**Exercise aim**
Copy all lines below that use the word "Target".

(Records drawn from a dataset)
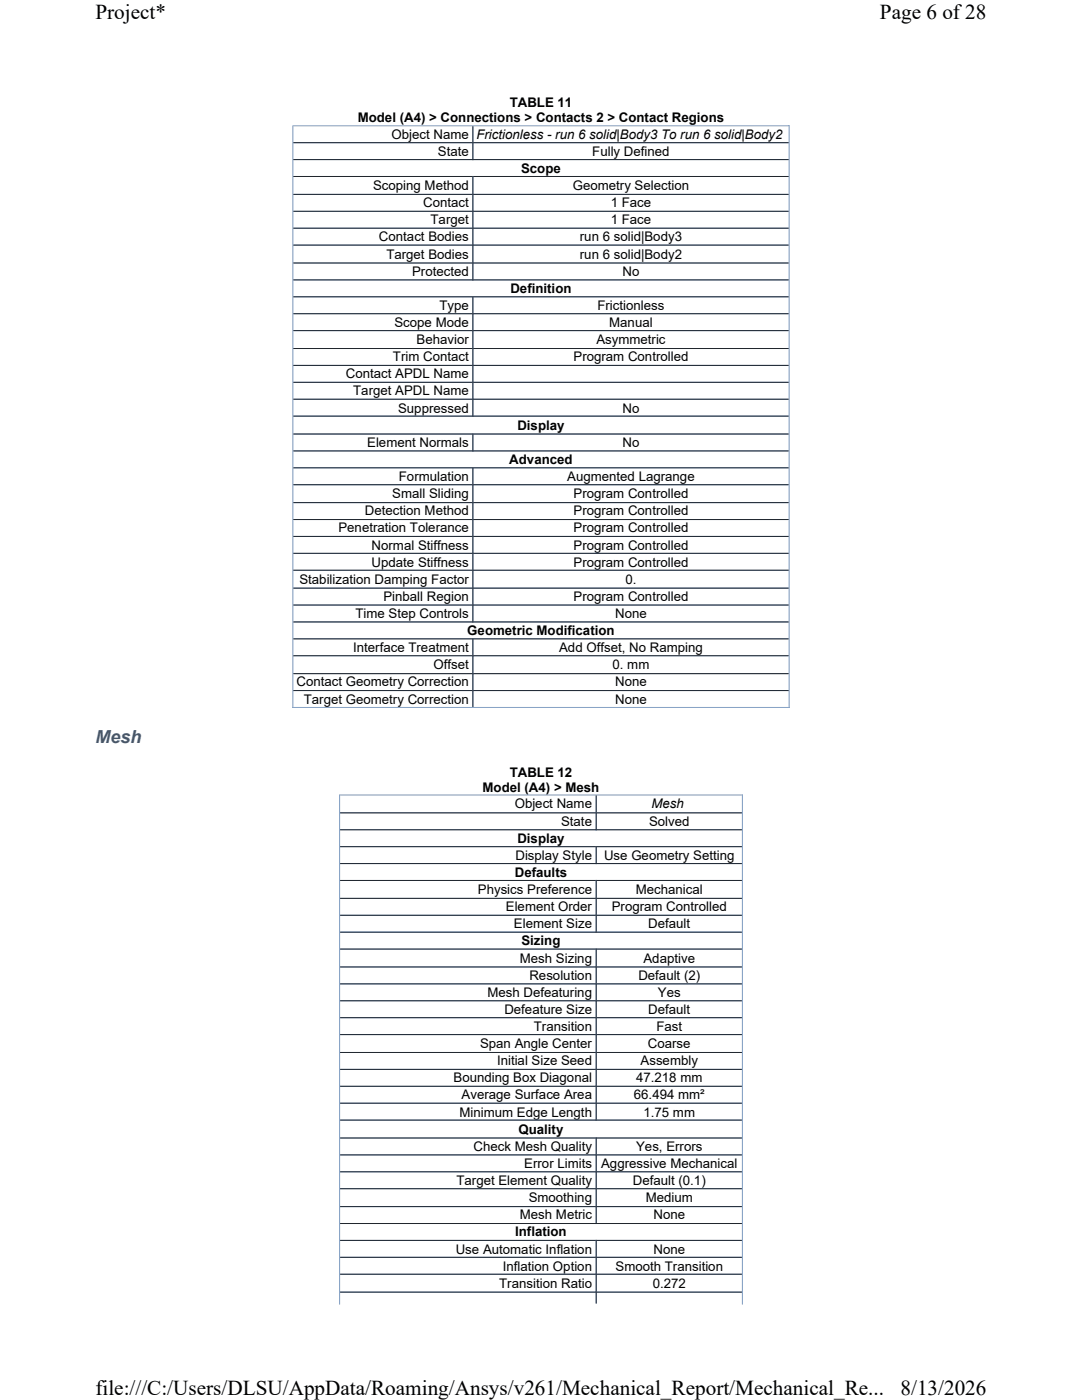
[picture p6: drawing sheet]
<svg xmlns="http://www.w3.org/2000/svg" width="216mm" height="279mm" viewBox="0 0 216 279" stroke-linecap="round" stroke-linejoin="round" font-family="sans-serif">
<defs><g id="words">
<g font-size="4.2">
<text x="19" y="3.8">Project*</text>
<text x="175.6" y="3.8">Page 6 of28</text>
<text x="19" y="278.5">file:///C:/Users/DLSU/AppData/Roaming/Ansys/v261/Mechanical_Report/Mechanical_Re...</text>
<text x="179.7" y="278.5">8/13/2026</text>
</g>
<text font-size="3.6" fill="#3b577d" x="19" y="148.3">Mesh</text>
<g font-size="2.6">
<text x="101.7" y="21.4">TABLE 11</text>
<text x="71.4" y="24.4">Model (A4) &gt; Connections &gt; Contacts 2 &gt; Contact Regions</text>
<text x="78.1" y="27.7">Object Name</text>
<text x="95.1" y="27.7">Frictionless - run 6 solid|Body3 To run 6 solid|Body2</text>
<text x="87.4" y="31.1">State</text>
<text x="104" y="34.5">Scope</text>
<text x="118.2" y="31.1">Fully Defined</text>
<text x="74.4" y="37.9">Scoping Method</text>
<text x="84.4" y="41.3">Contact</text>
<text x="114.3" y="37.9">Geometry Selection</text>
<text x="121.9" y="41.3">1 Face</text>
<text x="85.9" y="44.8">Target</text>
<text x="121.9" y="44.8">1 Face</text>
<text x="75.6" y="48.2">Contact Bodies</text>
<text x="77.1" y="51.6">Target Bodies</text>
<text x="115.7" y="48.2">run 6 solid|Body3</text>
<text x="115.7" y="51.6">run 6 solid|Body2</text>
<text x="82.2" y="55">Protected</text>
<text x="101.8" y="58.4">Definition</text>
<text x="124.2" y="55">No</text>
<text x="78.7" y="65.3">Scope Mode</text>
<text x="87.7" y="61.8">Type</text>
<text x="119.2" y="61.8">Frictionless</text>
<text x="121.6" y="65.3">Manual</text>
<text x="83.1" y="68.7">Behavior</text>
<text x="119" y="68.7">Asymmetric</text>
<text x="69" y="75.5">Contact APDL Name</text>
<text x="78.4" y="72.1">Trim Contact</text>
<text x="114.4" y="72.1">Program Controlled</text>
<text x="70.5" y="78.9">Target APDL Name</text>
<text x="79.4" y="82.3">Suppressed</text>
<text x="124.2" y="82.3">No</text>
<text x="73.3" y="89.2">Element Normals</text>
<text x="103.2" y="85.8">Display</text>
<text x="124.2" y="89.2">No</text>
<text x="101.6" y="92.6">Advanced</text>
<text x="78.3" y="99.4">Small Sliding</text>
<text x="79.6" y="96">Formulation</text>
<text x="113.2" y="96">Augmented Lagrange</text>
<text x="114.4" y="99.4">Program Controlled</text>
<text x="67.5" y="106.3">Penetration Tolerance</text>
<text x="72.8" y="102.8">Detection Method</text>
<text x="114.4" y="102.8">Program Controlled</text>
<text x="114.4" y="106.3">Program Controlled</text>
<text x="74.1" y="113.1">Update Stiffness</text>
<text x="74.2" y="109.7">Normal Stiffness</text>
<text x="114.4" y="109.7">Program Controlled</text>
<text x="114.4" y="113.1">Program Controlled</text>
<text x="59.7" y="116.5">Stabilization Damping Factor</text>
<text x="76.5" y="119.9">Pinball Region</text>
<text x="114.4" y="119.9">Program Controlled</text>
<text x="124.8" y="116.5">0.</text>
<text x="70.9" y="123.3">Time Step Controls</text>
<text x="122.7" y="123.3">None</text>
<text x="70.5" y="130.2">Interface Treatment</text>
<text x="93.2" y="126.8">Geometric Modification</text>
<text x="111.6" y="130.2">Add Offset, No Ramping</text>
<text x="59.2" y="137">Contact Geometry Correction</text>
<text x="86.5" y="133.6">Offset</text>
<text x="122.2" y="133.6">0. mm</text>
<text x="122.7" y="137">None</text>
<text x="60.6" y="140.4">Target Geometry Correction</text>
<text x="122.7" y="140.4">None</text>
<text x="101.7" y="155.1">TABLE 12</text>
<text x="96.3" y="158.1">Model (A4) &gt; Mesh</text>
<text x="102.7" y="161.4">Object Name</text>
<text x="130" y="161.4">Mesh</text>
<text x="112" y="164.8">State</text>
<text x="129.5" y="164.8">Solved</text>
<text x="102.8" y="171.6">Display Style</text>
<text x="103.2" y="168.2">Display</text>
<text x="120.5" y="171.6">Use Geometry Setting</text>
<text x="95.3" y="178.4">Physics Preference</text>
<text x="102.7" y="175">Defaults</text>
<text x="126.9" y="178.4">Mechanical</text>
<text x="100.9" y="181.8">Element Order</text>
<text x="102.6" y="185.3">Element Size</text>
<text x="122.1" y="181.8">Program Controlled</text>
<text x="129.4" y="185.3">Default</text>
<text x="104.1" y="188.7">Sizing</text>
<text x="103.7" y="192.1">Mesh Sizing</text>
<text x="105.6" y="195.5">Resolution</text>
<text x="127.4" y="195.5">Default (2)</text>
<text x="128.4" y="192.1">Adaptive</text>
<text x="97.3" y="198.9">Mesh Defeaturing</text>
<text x="100.6" y="202.3">Defeature Size</text>
<text x="129.4" y="202.3">Default</text>
<text x="131.3" y="198.9">Yes</text>
<text x="95.8" y="209.2">Span Angle Center</text>
<text x="106.5" y="205.8">Transition</text>
<text x="129.3" y="209.2">Coarse</text>
<text x="131" y="205.8">Fast</text>
<text x="99.2" y="212.6">Initial Size Seed</text>
<text x="127.8" y="212.6">Assembly</text>
<text x="90.5" y="216">Bounding Box Diagonal</text>
<text x="92.1" y="219.4">Average Surface Area</text>
<text x="126.5" y="219.4">66.494 mm²</text>
<text x="126.9" y="216">47.218 mm</text>
<text x="91.7" y="222.8">Minimum Edge Length</text>
<text x="103.5" y="226.3">Quality</text>
<text x="128.4" y="222.8">1.75 mm</text>
<text x="94.5" y="229.7">Check Mesh Quality</text>
<text x="104.6" y="233.1">Error Limits</text>
<text x="119.9" y="233.1">Aggressive Mechanical</text>
<text x="126.9" y="229.7">Yes, Errors</text>
<text x="91.1" y="236.5">Target Element Quality</text>
<text x="105.5" y="239.9">Smoothing</text>
<text x="126.3" y="236.5">Default (0.1)</text>
<text x="128.8" y="239.9">Medium</text>
<text x="103.7" y="243.3">Mesh Metric</text>
<text x="130.4" y="243.3">None</text>
<text x="90.9" y="250.2">Use Automatic Inflation</text>
<text x="102.8" y="246.8">Inflation</text>
<text x="130.4" y="250.2">None</text>
<text x="99.6" y="257">Transition Ratio</text>
<text x="100.3" y="253.6">Inflation Option</text>
<text x="122.8" y="253.6">Smooth Transition</text>
<text x="130.2" y="257">0.272</text>
</g>
</g></defs>
<g fill="none" stroke="#7a99c0" stroke-width=".2">
<path d="M58.4 25v116.3M58.5 25.1h99.1M58.5 28.5h98.9M58.5 31.8h98.9M58.5 35.2h98.9M58.5 38.8h98.9M94.4 25.2v6.7M94.4 35.1v20.9M157.5 25v116.3M58.5 42.2h98.9M58.5 45.5h98.9M58.5 48.9h98.9"/>
<path d="M58.5 52.5h98.9M58.5 55.9h98.9M58.5 59.2h98.9M94.4 59.1v24M58.5 62.6h98.9M58.5 66h98.9M58.5 69.6h98.9M58.5 72.9h98.9M58.5 76.3h98.9M58.5 79.7h98.9M58.5 83h98.9M58.5 86.6h98.9"/>
<path d="M58.5 90h98.9M58.5 93.4h98.9M58.5 96.7h98.9M94.4 86.5v3.6M94.4 93.3v30.9M58.5 100.3h98.9M58.5 103.7h98.9M58.5 107.1h98.9M58.5 110.4h98.9M58.5 113.8h98.9M58.5 117.4h98.9M58.5 120.7h98.9"/>
<path d="M58.5 124.1h98.9M58.5 127.5h98.9M58.5 130.9h98.9M58.5 134.4h98.9M58.5 137.8h98.9M94.4 127.4v13.7M58.3 141.2h99.3M67.8 158.6v101.8M67.9 158.7h80.3M119 158.8v6.9M148.1 158.6v101.8M67.9 162.2h80.1"/>
<path d="M67.9 165.6h80.1M67.9 169h80.1M67.9 172.3h80.1M67.9 175.7h80.1M67.9 179.3h80.1M119 168.9v3.5M119 175.6v10.5M67.9 182.7h80.1M67.9 186h80.1M67.9 189.4h80.1M67.9 193h80.1M67.9 196.4h80.1"/>
<path d="M67.9 199.7h80.1M119 189.3v34.3M67.9 203.1h80.1M67.9 206.5h80.1M67.9 210h80.1M67.9 213.4h80.1M67.9 216.8h80.1M67.9 220.2h80.1M67.9 223.5h80.1M67.9 227.1h80.1M67.9 230.5h80.1M67.9 233.9h80.1"/>
<path d="M67.9 237.2h80.1M119 227v17.3M67.9 240.8h80.1M67.9 244.2h80.1M67.9 247.6h80.1M67.9 250.9h80.1M67.9 254.3h80.1M67.9 257.9h80.1M119 247.5v12.6"/>
</g>
<g fill="none" stroke="#1e2630" stroke-width=".2">
<path d="M58.5 28.5h98.9M58.5 31.8h98.9M58.5 35.2h98.9M58.5 38.8h98.9M94.4 25.2v6.7M94.4 35.1v20.9M58.5 42.2h98.9M58.5 45.5h98.9M58.5 48.9h98.9M58.5 52.5h98.9M58.5 55.9h98.9M58.5 59.2h98.9"/>
<path d="M94.4 59.1v24M58.5 62.6h98.9M58.5 66h98.9M58.5 69.6h98.9M58.5 72.9h98.9M58.5 76.3h98.9M58.5 79.7h98.9M58.5 83h98.9M58.5 86.6h98.9M58.5 90h98.9M58.5 93.4h98.9M58.5 96.7h98.9"/>
<path d="M94.4 86.5v3.6M94.4 93.3v30.9M58.5 100.3h98.9M58.5 103.7h98.9M58.5 107.1h98.9M58.5 110.4h98.9M58.5 113.8h98.9M58.5 117.4h98.9M58.5 120.7h98.9M58.5 124.1h98.9M58.5 127.5h98.9M58.5 130.9h98.9"/>
<path d="M58.5 134.4h98.9M58.5 137.8h98.9M94.4 127.4v13.7M119 158.8v6.9M67.9 162.2h80.1M67.9 165.6h80.1M67.9 169h80.1M67.9 172.3h80.1M67.9 175.7h80.1M67.9 179.3h80.1M119 168.9v3.5M119 175.6v10.5"/>
<path d="M67.9 182.7h80.1M67.9 186h80.1M67.9 189.4h80.1M67.9 193h80.1M67.9 196.4h80.1M67.9 199.7h80.1M119 189.3v34.3M67.9 203.1h80.1M67.9 206.5h80.1M67.9 210h80.1M67.9 213.4h80.1M67.9 216.8h80.1"/>
<path d="M67.9 220.2h80.1M67.9 223.5h80.1M67.9 227.1h80.1M67.9 230.5h80.1M67.9 233.9h80.1M67.9 237.2h80.1M119 227v17.3M67.9 240.8h80.1M67.9 244.2h80.1M67.9 247.6h80.1M67.9 250.9h80.1M67.9 254.3h80.1"/>
<path d="M67.9 257.9h80.1M119 247.5v12.6"/>
</g>
<g fill="#fff">
<path d="M19 0h177.8v4.7h-177.8z" fill-rule="evenodd"/>
<path d="M19 274.7h177.8v4.7h-177.8z" fill-rule="evenodd"/>
</g>
<use href="#words"/>
</svg>

**Response box**
<text x="85.9" y="44.8">Target</text>
<text x="77.1" y="51.6">Target Bodies</text>
<text x="70.5" y="78.9">Target APDL Name</text>
<text x="60.6" y="140.4">Target Geometry Correction</text>
<text x="91.1" y="236.5">Target Element Quality</text>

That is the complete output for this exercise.